Thursday, April 15, 2021

How to Deal with Party Splits

It's a classic conundrum: some of your party is motivated to do one thing, and the rest of your party is motivated to do something else. The party is at odds. Player agendas threaten to cancel each other out. It's the end of many campaigns, but it doesn't have to be. You can salvage a party split with the right story moves, and your campaign may even end up better for the split. Let me begin with an example of a time that a party split made a campaign better than it was before. 

I was just getting my feet under me as an intermediate GM, and I designed a campaign that revolved around killing off 20 members of the royal staff of a town. The players completed the first 2 contracts and then turned on the questgiver; the party was divided over the questgiver's goals, and about half the party went in either direction. The more rebellious characters decided to destroy the kingdom, and the more stalwart characters decided to defend the kingdom. At least 75% of the campaign's story became the struggle between player factions. The final battle was a showdown between anarchist forces and the palace guard, and the story resolved on the formation of a new future for the city. 

When the party split initially occurred, I was at a loss. How would I recover from losing my main quest and seeing the party divided? I wasn't sure, so I just kept running the game and hoping for the best. The players soon aligned themselves along ideological lines, which meant that disagreements about how to proceed could derail the whole campaign. But it didn't play out that way. The palace guards set to doubling down on defenses while the anarchist players worked on plans to assassinate the king. The story didn't so much disappear as reform; now I had a group of players committed to preserving a kingdom and a group of players committed to destroying it. In other words, I had two parallel campaigns that unfolded at once. This is how we should view split parties; they are two conjoined stories with one outcome. 

More recently, when I ran the Eastweald campaign, one of the three players used the final battle to reveal that he, a part-paladin named Carric, had formed a bond with Vecna, the evil god of secrets, and he turned on the other two players. The final battle became Vecna and Carric versus the other player characters. This party split is different from the one described above because it doesn't mean a reformation of the story so much as a twist. But the principle is the same. Carric turned against his compatriots, meaning that his conditions for success were mutually exclusive with the rest of the party's. Isn't this a problem? 

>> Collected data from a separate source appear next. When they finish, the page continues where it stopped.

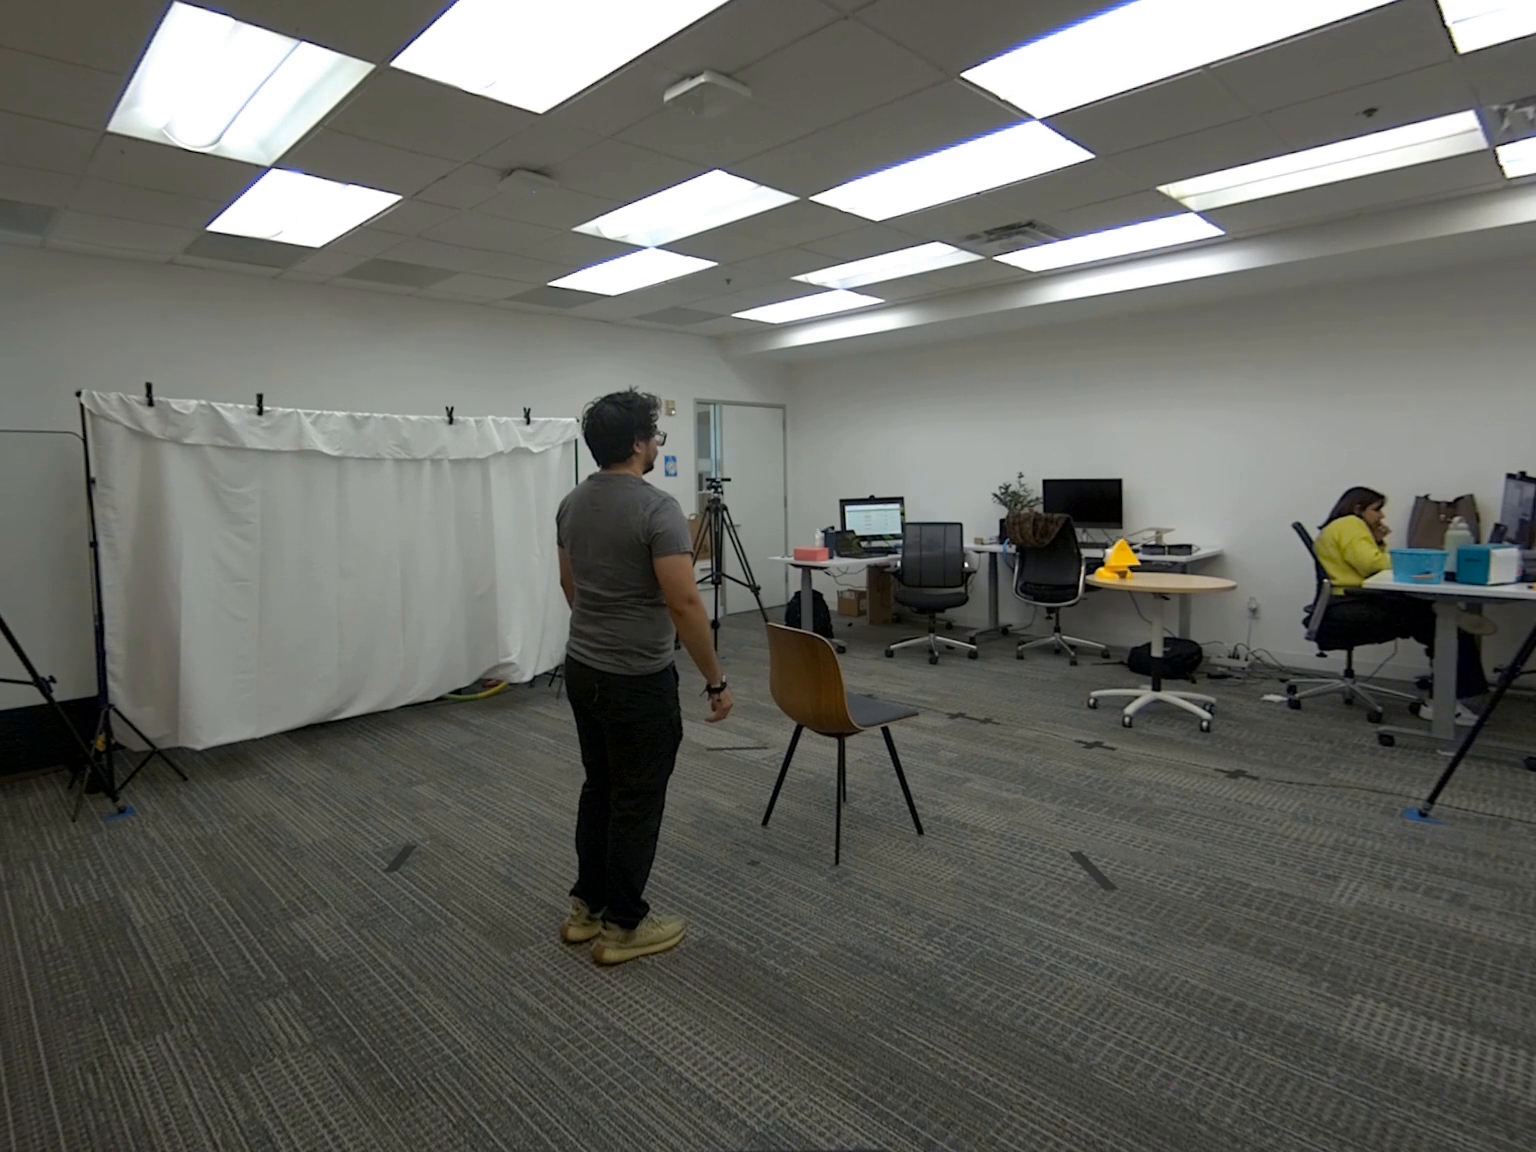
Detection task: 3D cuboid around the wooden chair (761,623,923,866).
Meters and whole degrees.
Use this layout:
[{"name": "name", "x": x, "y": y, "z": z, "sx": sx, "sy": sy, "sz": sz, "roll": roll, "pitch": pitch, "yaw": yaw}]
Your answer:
[{"name": "wooden chair", "x": 0.291, "y": 0.582, "z": 3.352, "sx": 0.511, "sy": 0.872, "sz": 0.492, "roll": -9, "pitch": 8, "yaw": -36}]
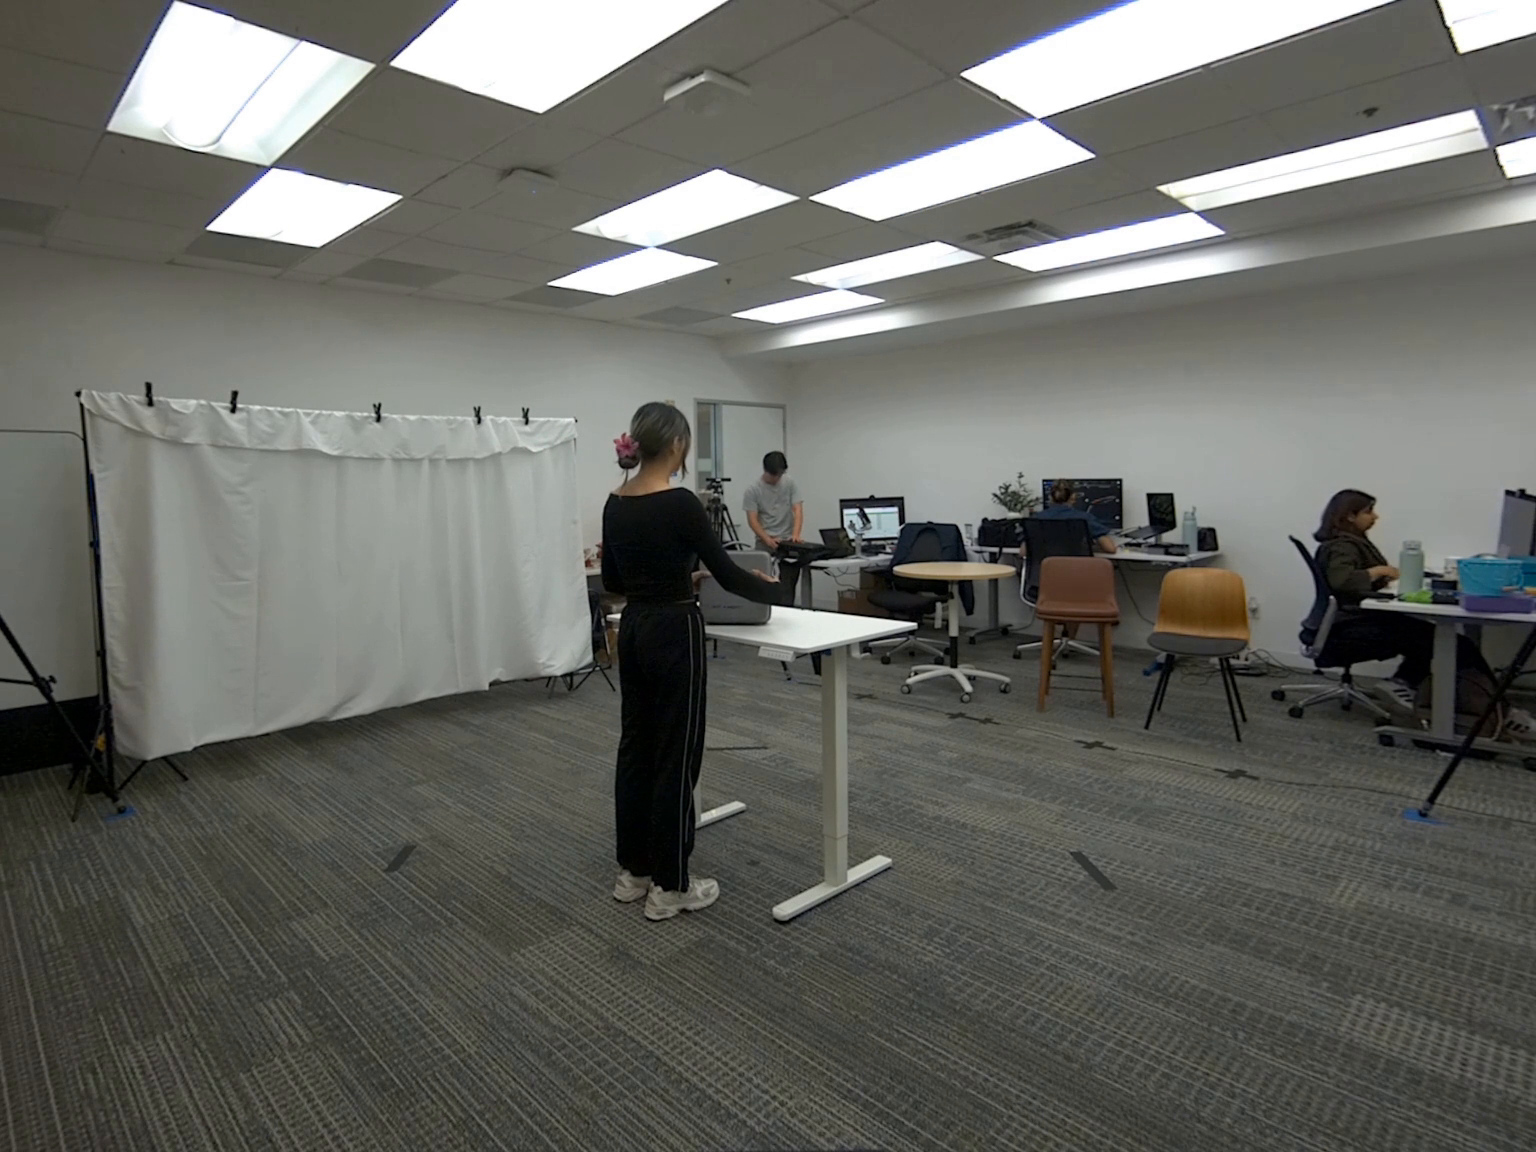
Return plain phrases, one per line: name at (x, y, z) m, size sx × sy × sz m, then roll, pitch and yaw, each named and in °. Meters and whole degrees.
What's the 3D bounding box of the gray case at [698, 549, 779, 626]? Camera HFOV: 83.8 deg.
gray case at (-0.113, 0.037, 3.032) m, size 0.258 × 0.262 × 0.103 m, roll 0°, pitch -7°, yaw 4°

In both cases I've described, no one was truly bothered by the story's outcome. One player in the first campaign was troubled by the lack of consequences for the lead anarchist character in the story's denouement, but his character was in part responsible for that decision. Neither case saw the players involved feeling cheated or opposed to each other; they viewed their experiences in the story as evolving naturally from player actions and the other events in the story. Not every player will feel that way, but there are things you can do to resolve that. 

Before you begin adjusting your game for a party split, it's a good idea to check in with your players. Is everyone prepared for a party split game? Some players may find the idea unappealing, or even in opposition to what they find fun. If that's the case, you might try salvaging your campaign with an out-of-game appeal to your players: set aside your roleplaying differences and make the game work for the sake of everyone's enjoyment. It may even be possible that the campaign is simply over; sometimes players are neither willing to change their decision-making nor to face off against their friends. It may be better in that case to start a new campaign with better parameters than plunge into a game that will be unenjoyable for your players. But if your players are game for a little opposition, you have options for making a party split work. 

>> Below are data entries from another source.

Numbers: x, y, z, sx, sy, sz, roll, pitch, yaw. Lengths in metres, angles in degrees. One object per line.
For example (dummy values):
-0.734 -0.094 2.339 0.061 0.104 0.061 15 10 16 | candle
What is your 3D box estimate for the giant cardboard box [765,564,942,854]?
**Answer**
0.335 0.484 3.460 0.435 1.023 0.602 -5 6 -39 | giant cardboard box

Perhaps the most common cause for party splits is alignment disagreement. I address this briefly in my guide to building a cohesive party; a lawful good character and a chaotic evil character in one party is usually a recipe for a party split. You can counteract this issue before it starts by building your party around a range of alignments. All good and all neutral alignments generally work together; all neutral and all evil alignments can be a good combination as well. Law and chaos are less divisive issues than morality (most of the time, at least), but divided moral alignments usually cause issues. (That campaign I described with the palace guards versus the anarchists? When I mapped the alignments of each of our nine characters, we had one character assigned to each alignment. No wonder it erupted in a party split.) So be careful at the beginning of the game and suggest the party agree on a range of alignments to prevent unnecessary party splits later. But you can work with party splits when they arise. 

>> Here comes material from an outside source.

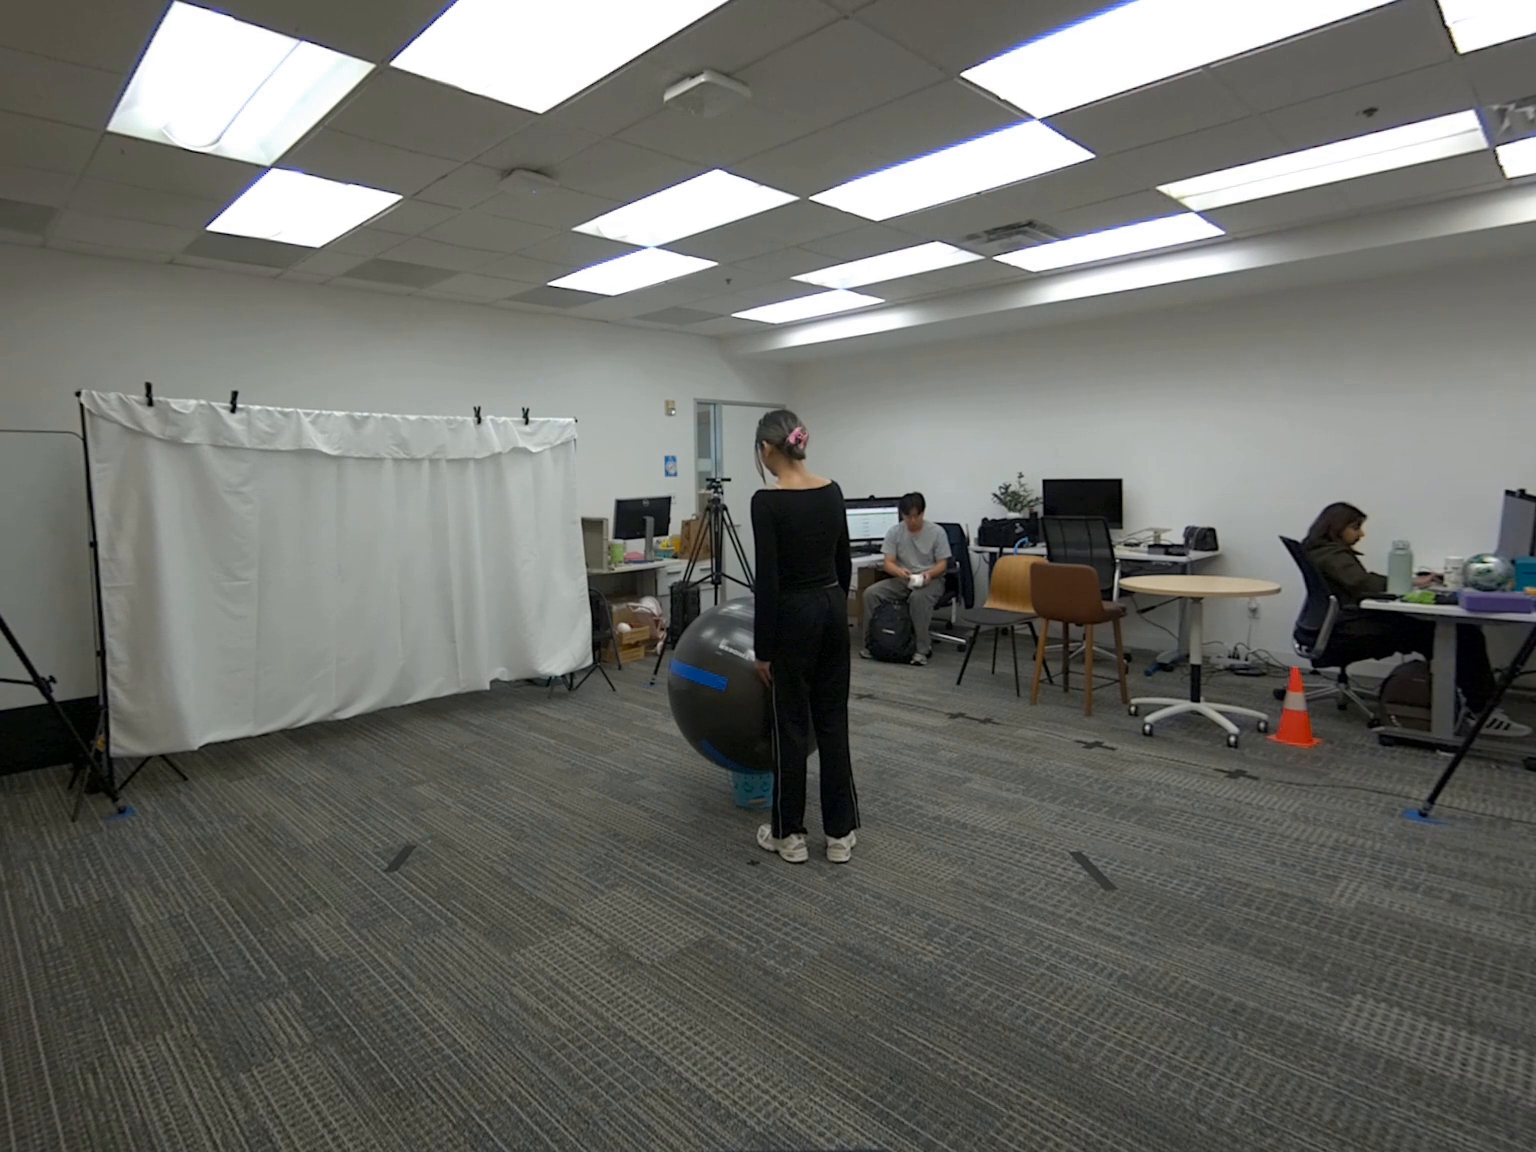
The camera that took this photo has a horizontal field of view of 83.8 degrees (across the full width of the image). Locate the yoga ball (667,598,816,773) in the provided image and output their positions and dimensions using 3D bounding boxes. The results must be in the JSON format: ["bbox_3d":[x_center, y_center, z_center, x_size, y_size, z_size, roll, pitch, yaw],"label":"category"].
[{"bbox_3d":[-0.059,0.470,3.695,0.757,0.755,0.762,-1,5,-2],"label":"yoga ball"}]

The first thing to do when the party splits is to reorganize your story's stakes. Where once the party strove to solve problems together, now you have the party working against each other to further their agendas. So you need to move the conditions for success. Let's say you have a campaign where an evil god is promising lots of power in return for pushing their agenda--harming the innocent. Where initially the party was working to protect the innocent from this god, now you have a party split. Some characters insist on continuing to protect the innocent, but others find the god's promises of power too enticing to ignore. Now it's time to adjust the story. Instead of a blanket "protect the innocent," you develop a series of important communities. Each of those communities is both a population to protect and a group to target for the evil god. Now it's up to your players to square off and accomplish one or the other goal. 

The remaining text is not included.